BEGIN

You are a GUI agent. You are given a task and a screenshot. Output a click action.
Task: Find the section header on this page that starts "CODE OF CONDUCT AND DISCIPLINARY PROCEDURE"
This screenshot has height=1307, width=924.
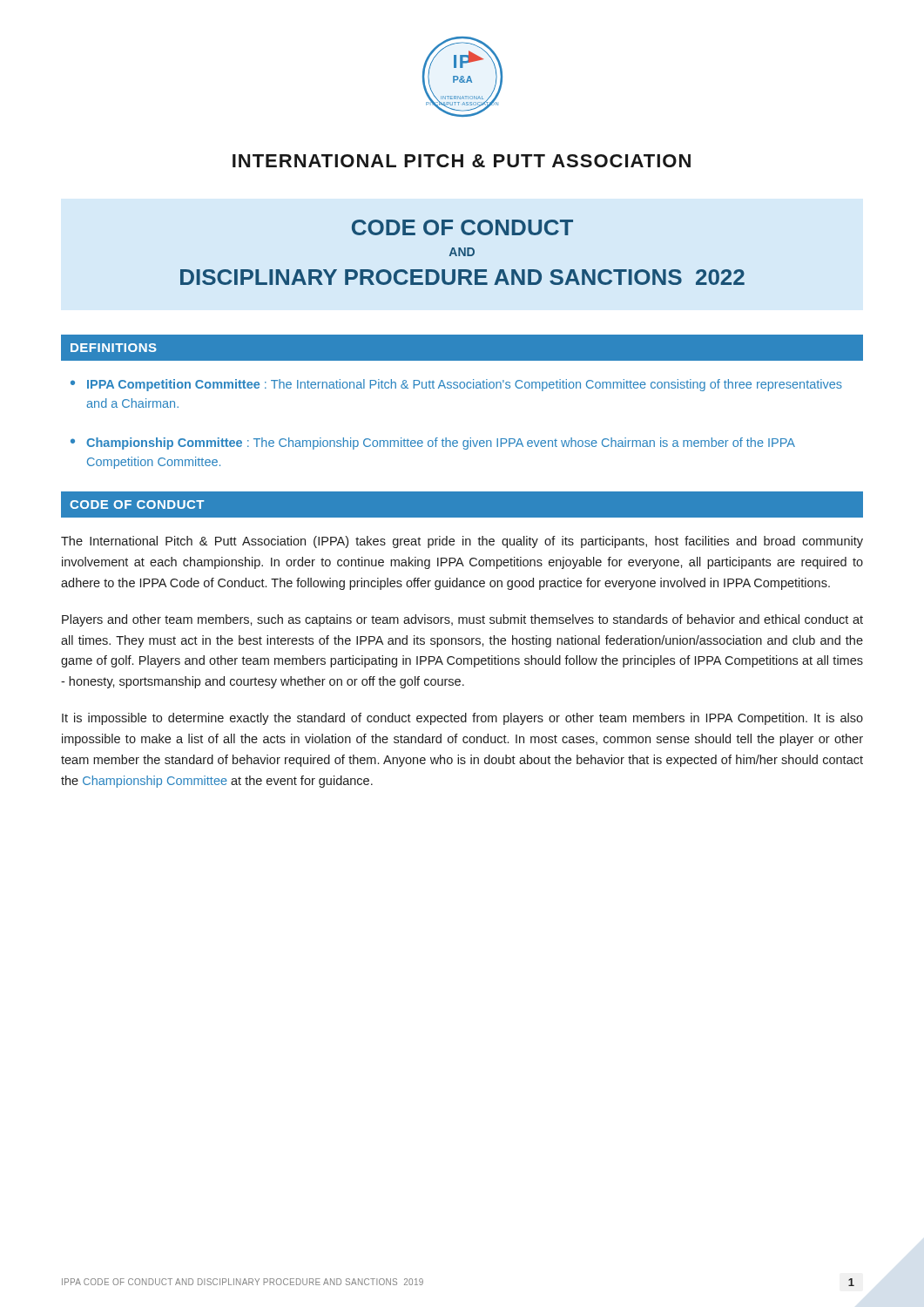coord(462,253)
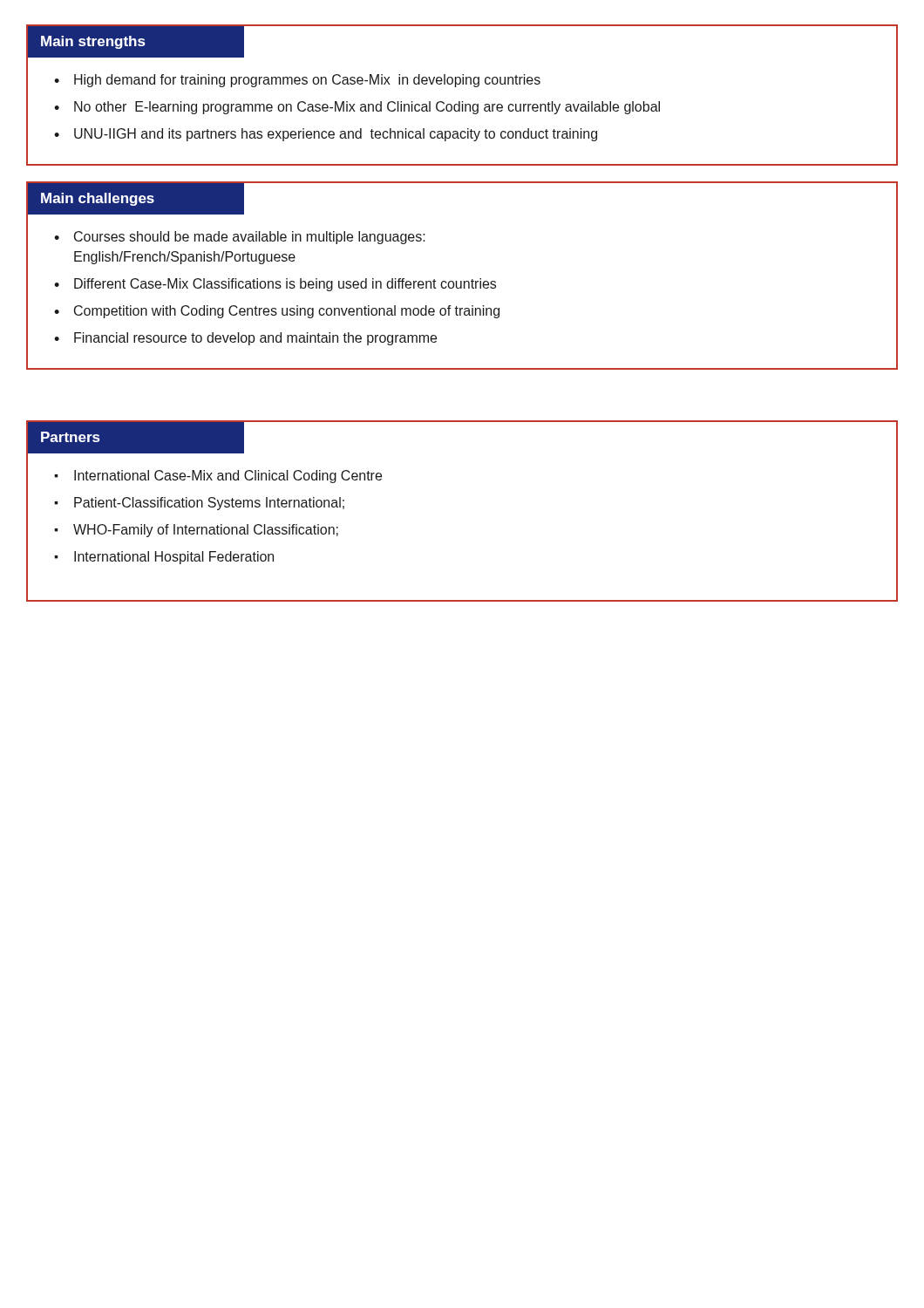Navigate to the passage starting "Different Case-Mix Classifications is being used in different"
The height and width of the screenshot is (1308, 924).
point(285,284)

END

*Problem details:*
Write out the whole listing exactly, and drop the pictures.

*Answer for the task:*
You are a GUI agent. You are given a task and a screenshot. Output a click action.
Task: Find the section header on this page that starts "CODE OF CONDUCT AND DISCIPLINARY PROCEDURE"
This screenshot has height=1307, width=924.
coord(462,253)
Navigate to the passage starting "Different Case-Mix Classifications is being used in different"
The height and width of the screenshot is (1308, 924).
point(285,284)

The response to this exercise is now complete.